Open Box training references. Press browse, and select your imported tomogram. Leave boxsize at -1, and press Launch.

In a moment, three windows will appear on your screen, which will be familiar if you’ve boxed particles before. The only difference between this boxing and the other is that you can box in 2D on slices of a 3D image.

On the window named e2boxer, make sure your box size is 64. None of the other options need to be changed.

On the window containing your tomogram, you can begin selecting boxes. Go up and down in the tomogram using the arrow keys, select and drag boxes using the left mouse button, and delete boxes using Shift + left mouse button. As you select boxes, they will appear in the (Particles) window.

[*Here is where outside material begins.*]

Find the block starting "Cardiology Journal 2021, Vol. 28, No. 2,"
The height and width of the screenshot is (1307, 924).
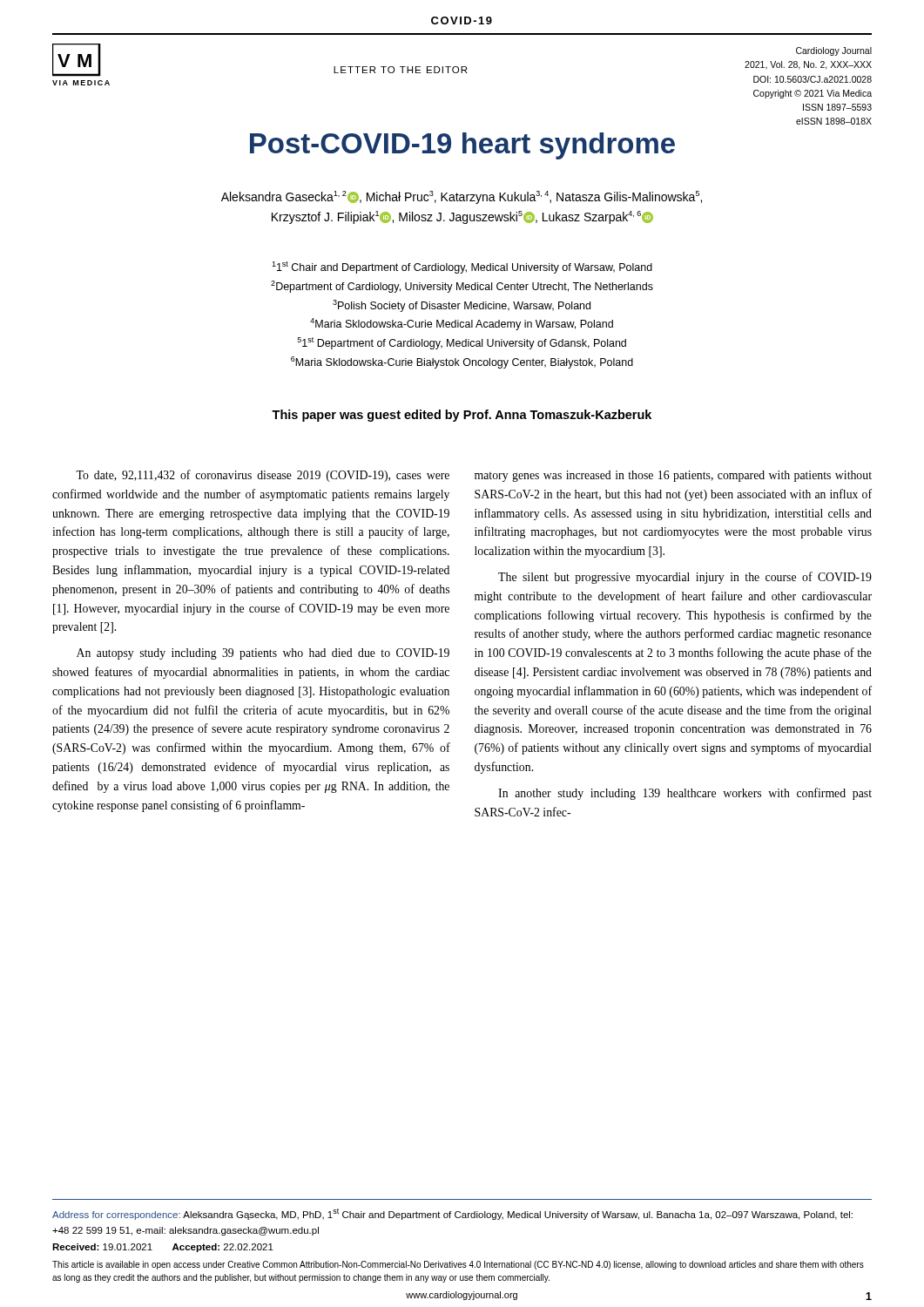[x=808, y=86]

Select around 10 boxes containing your structure. If your structure appears differently throughout the cell (e.g. microtubules), be sure to include a variety of views in the boxes.

When selecting boxes, ensure that your structure is clear in the (Particles) window. You will have to manually segment these boxes, so if you can’t see your structure, your segmentation will be more difficult, and your final segmentation will suffer as a result. It is better to have fewer boxes that you can segment better than more boxes you segment worse.

Box Particles

After getting an appropriate number of boxes, press Write output in the e2boxer window.

Select your boxes in the Raw Data window.
Write the suffix of the particles in the Output Suffix text box.
In Normalize Images, select None.
Press OK.

Particle Output

Manually Annotate Samples

In order to train the program to recognize your structure, you have to segment the boxes that you selected.

Navigate to the Segment training references interface in the EMAN2 window. For Particles, browse and select the "_ptcls" file you just generated.

Leave Output blank and keep segment checked, and press Launch.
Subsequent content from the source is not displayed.